Friday, September 4, 2009

Happy Birthday, Paul Volcker!


I would like to wish former Federal Reserve Chairman Paul Adolph Volcker a heartfelt happy birthday. He will turn 82 on Sept. 5 and will have lived from one Great Depression to the next. He was the first and the last truly independent Fed chief, being more devoted to his ideas of monetary policy than to the White House.

Appointed to this position in 1979 by President Carter, Volcker immediately got to work fighting the vicious stagflation of the last decade. Switching the economic philosophy of the Federal Reserve from Keynesian to Monetarism required that he begin to focus solely on the money supply. Unfortunately for Carter, this meant that he was going to have to start raising rates to make money tighter and keep the money aggregates stable, which typically isn't a policy that will get a president reelected when the economy starts to sour. Despite limited protests by Carter, Volcker started his tightening and put the president on the unemployment line with millions of other Americans.
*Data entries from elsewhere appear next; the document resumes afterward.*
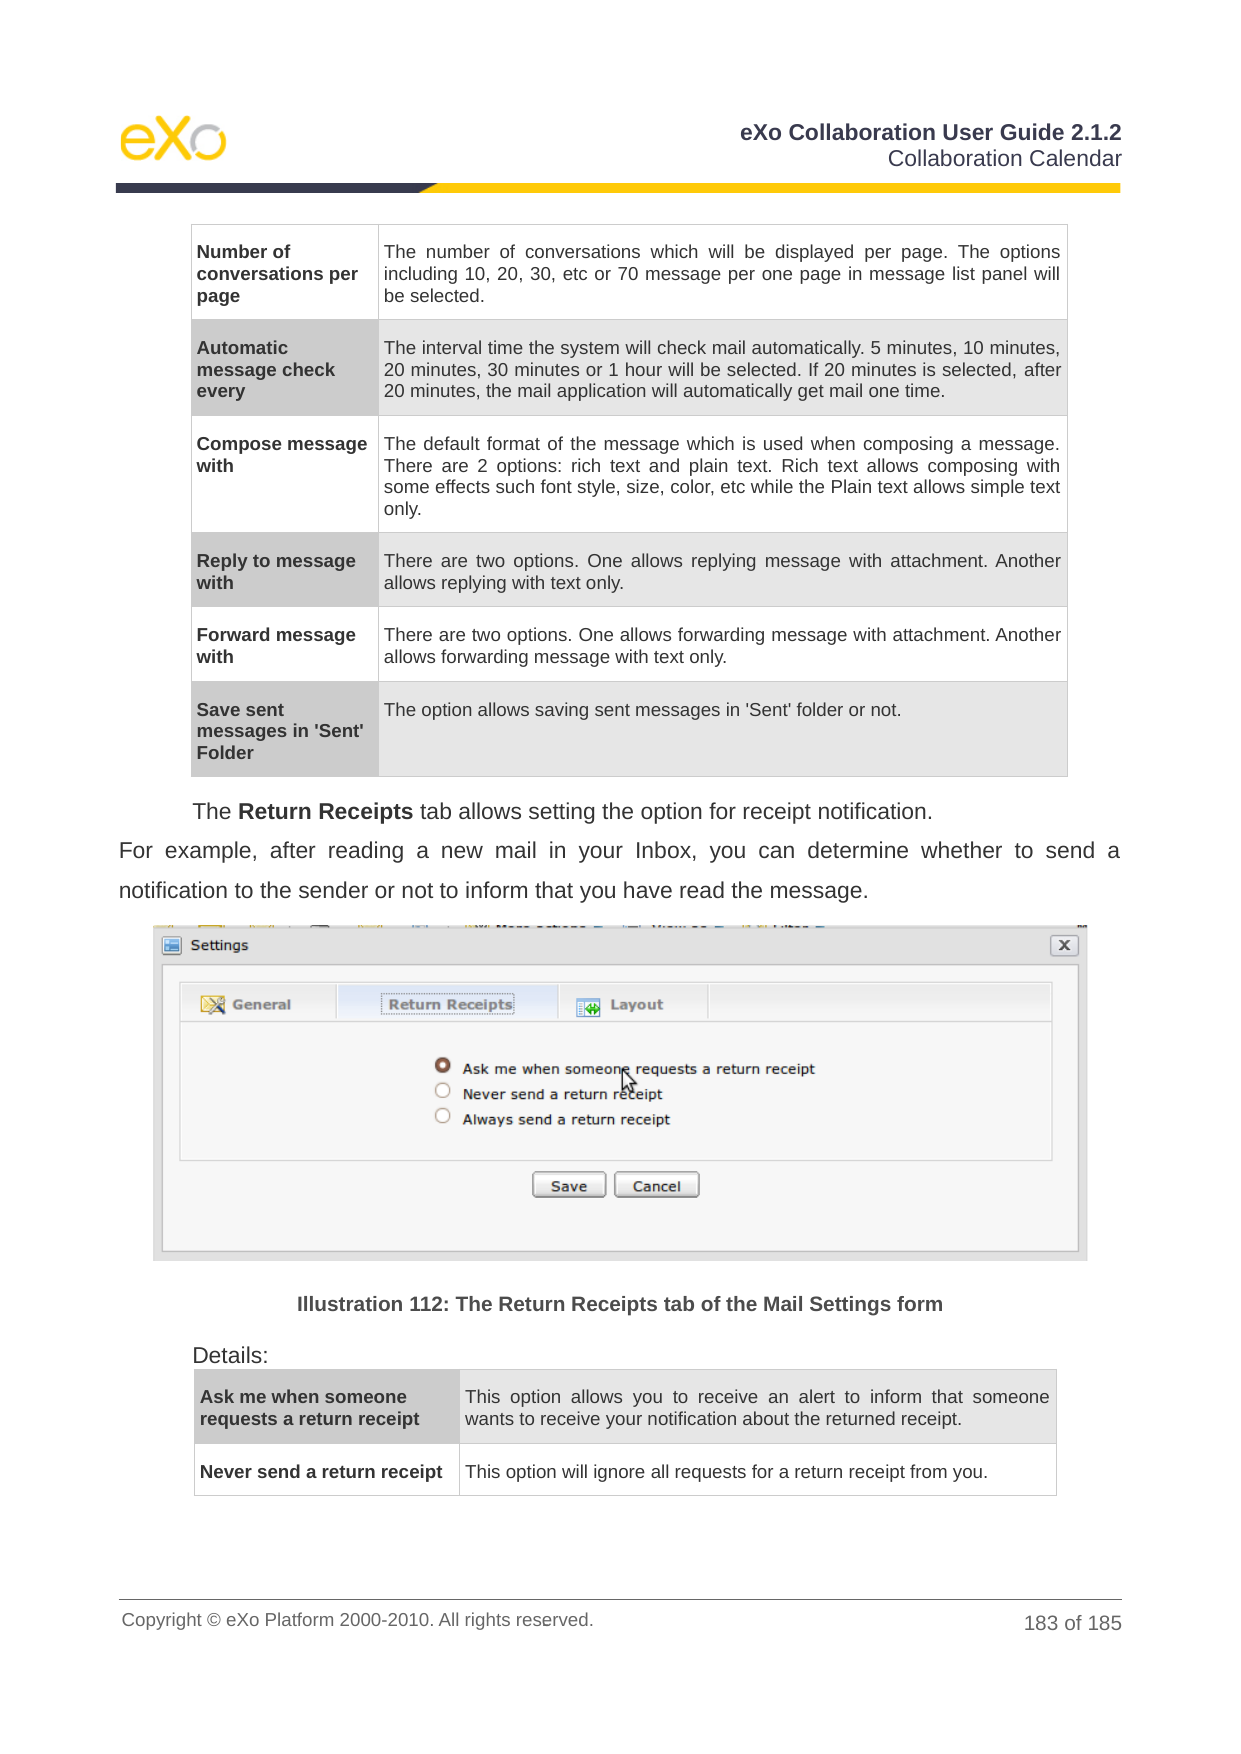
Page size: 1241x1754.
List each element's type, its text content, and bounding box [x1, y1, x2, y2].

table_cell There are two options. One allows forwarding message with attachment. Another allows forwarding message with text only. [379, 607, 1067, 681]
table_cell This option will ignore all requests for a return receipt from you. [460, 1444, 1056, 1495]
table_cell Automatic message check every [192, 320, 378, 415]
table_cell Save sent messages in 'Sent' Folder [192, 682, 378, 776]
table_cell There are two options. One allows replying message with attachment. Another allows replying with text only. [379, 533, 1067, 606]
table_cell Forward message with [192, 607, 378, 681]
text Details: [118, 1342, 1122, 1368]
picture [153, 925, 1088, 1261]
picture [115, 183, 1121, 193]
text Illustration 112: The Return Receipts tab of the Mail Settings form [153, 1261, 1087, 1316]
table_cell Compose message with [192, 416, 378, 532]
table_cell Number of conversations per page [192, 225, 378, 319]
table_header Ask me when someone requests a return receipt [195, 1370, 459, 1443]
text For example, after reading a new mail in your Inbox, you can determine whether to send a notification to the sender or not to inform that you have read the message. [118, 837, 1122, 903]
picture [120, 115, 227, 161]
table_cell The default format of the message which is used when composing a message. There are 2 options: rich text and plain text. Rich text allows composing with some effects such font style, size, color, etc while the Plain text allows simple text only. [379, 416, 1067, 532]
table_header This option allows you to receive an alert to inform that someone wants to receive your notification about the returned receipt. [460, 1370, 1056, 1443]
table_cell The interval time the system will check mail automatically. 5 minutes, 10 minutes, 20 minutes, 30 minutes or 1 hour will be selected. If 20 minutes is selected, after 20 minutes, the mail application will automatically get mail one time. [379, 320, 1067, 415]
table_cell Reply to message with [192, 533, 378, 606]
table_cell The option allows saving sent messages in 'Sent' folder or not. [379, 682, 1067, 776]
text The Return Receipts tab allows setting the option for receipt notification. [118, 798, 1122, 824]
table_cell Never send a return receipt [195, 1444, 459, 1495]
table_cell The number of conversations which will be displayed per page. The options including 10, 20, 30, etc or 70 message per one page in message list panel will be selected. [379, 225, 1067, 319]
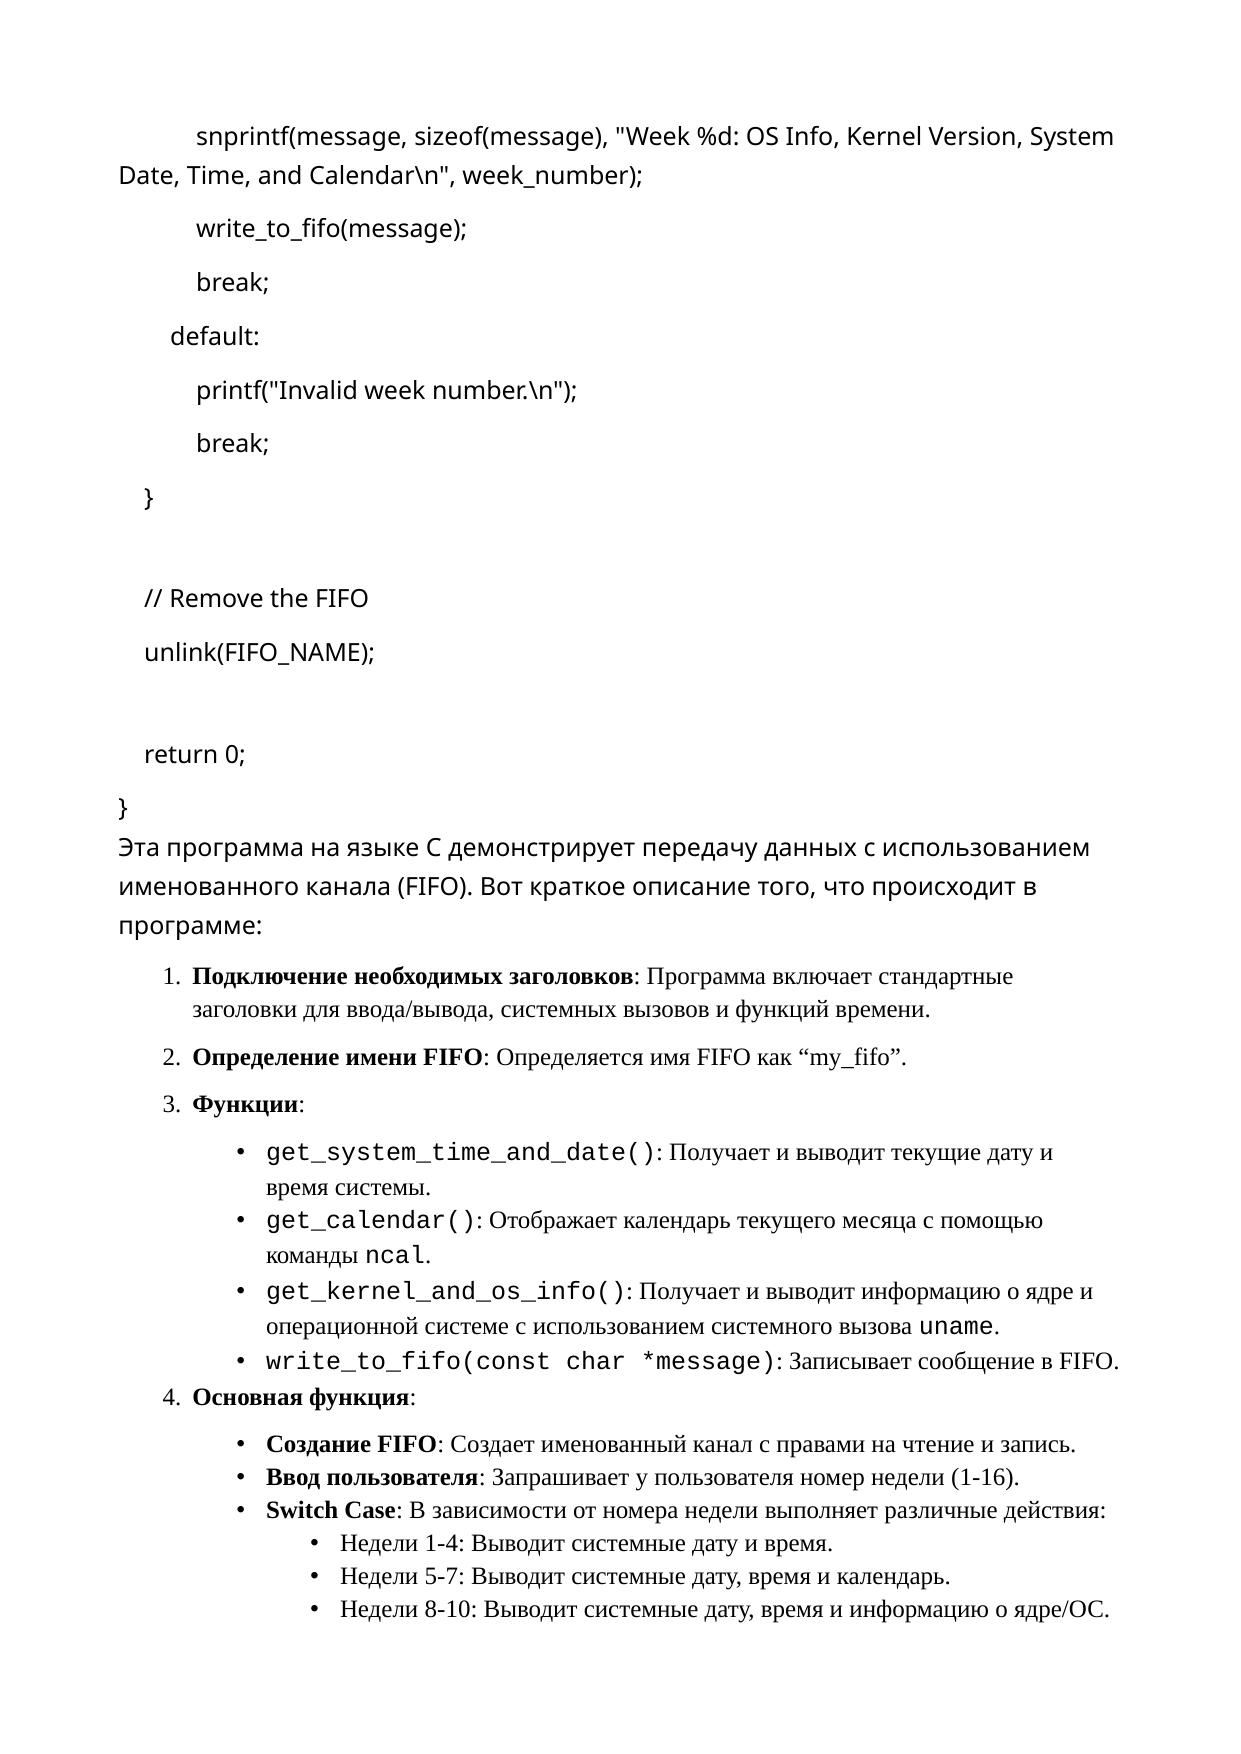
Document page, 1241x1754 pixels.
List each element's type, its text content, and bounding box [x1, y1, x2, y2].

text default: [118, 318, 1122, 353]
list get_calendar(): Отображает календарь текущего месяца с помощью команды ncal. [236, 1205, 1122, 1271]
text printf("Invalid week number.\n"); [118, 372, 1122, 406]
text unlink(FIFO_NAME); [118, 635, 1122, 669]
text // Remove the FIFO [118, 581, 1122, 615]
list Создание FIFO: Создает именованный канал с правами на чтение и запись. [236, 1429, 1122, 1458]
list Ввод пользователя: Запрашивает у пользователя номер недели (1-16). [236, 1462, 1122, 1491]
list get_system_time_and_date(): Получает и выводит текущие дату и время системы. [236, 1137, 1122, 1201]
text return 0; [118, 736, 1122, 770]
text snprintf(message, sizeof(message), "Week %d: OS Info, Kernel Version, System Date, Time, and Calendar\n", week_number); [118, 118, 1122, 191]
list get_kernel_and_os_info(): Получает и выводит информацию о ядре и операционной системе с использованием системного вызова uname. [236, 1276, 1122, 1342]
text } [118, 480, 1122, 514]
list Определение имени FIFO: Определяется имя FIFO как “my_fifo”. [162, 1042, 1122, 1071]
text write_to_fifo(message); [118, 211, 1122, 245]
list Функции: [162, 1089, 1122, 1118]
list Недели 8-10: Выводит системные дату, время и информацию о ядре/ОС. [310, 1594, 1122, 1623]
list write_to_fifo(const char *message): Записывает сообщение в FIFO. [236, 1346, 1122, 1377]
list Недели 5-7: Выводит системные дату, время и календарь. [310, 1561, 1122, 1590]
list Основная функция: [162, 1382, 1122, 1410]
text break; [118, 426, 1122, 460]
text break; [118, 265, 1122, 299]
text } Эта программа на языке C демонстрирует передачу данных с использованием именованного канала (FIFO). Вот краткое описание того, что происходит в программе: [118, 790, 1122, 942]
list Недели 1-4: Выводит системные дату и время. [310, 1528, 1122, 1557]
list Подключение необходимых заголовков: Программа включает стандартные заголовки для ввода/вывода, системных вызовов и функций времени. [162, 961, 1122, 1023]
list Switch Case: В зависимости от номера недели выполняет различные действия: [236, 1495, 1122, 1524]

Reagan came to power and promised the American people that good times were ahead of us, and that he would usher in that new age of prosperity. He offered the prospect of shrinking deficits coupled with tax cuts to bring his plan to culmination. When Reagan's "shrinking" deficit turned out to be anything but small, the president's faulty budget plan along with his tax cuts created an inflationary fiscal policy that butted heads with Volcker's recessionary monetary policy. Volcker stood the course, despite a massive outcry from Washington and a threat to limit Fed power if he didn't lighten up on interest rates. In fact, he tightened monetary policy even further in the depths of the 81-82 recession to counteract Reagan's inflationary policies, driving rates north of 20%.

The result was an economic downturn, the harshest we had seen since the Great Depression, with large scale unemployment and numerous bankruptcies. Volcker forcefully drove the U.S. into this downturn, defying two presidents and all of Congress, just to stay true to his goal of ending the run-away inflation of the past decade. He truly was the most powerful person in the world.

Now I don't want to romanticize Paul Volcker, here. No unelected official should have that much power: the power to end presidencies and send Congress into a panic, to turn economies rightside-up and upside-down. But the Federal Reserve was started in 1913 to be independent of the White House, and although it maintained that it was in fact independent, in reality it has always been an extension of the executive branch which will ALWAYS fight for easy money and inflation. Credit must be given to Paul Volcker for being the first and last chairman to actually DO HIS JOB in the near century that the Fed has been in existence, the first and last chairman to actually regulate the currency without being influenced by politics in Washington.

That said, Mr. Volcker, I wish you a happy birthday, and I also express the hope that the power you once wielded will be diminished and eventually destroyed, starting with H.R. 1207 and the move to audit the Fed.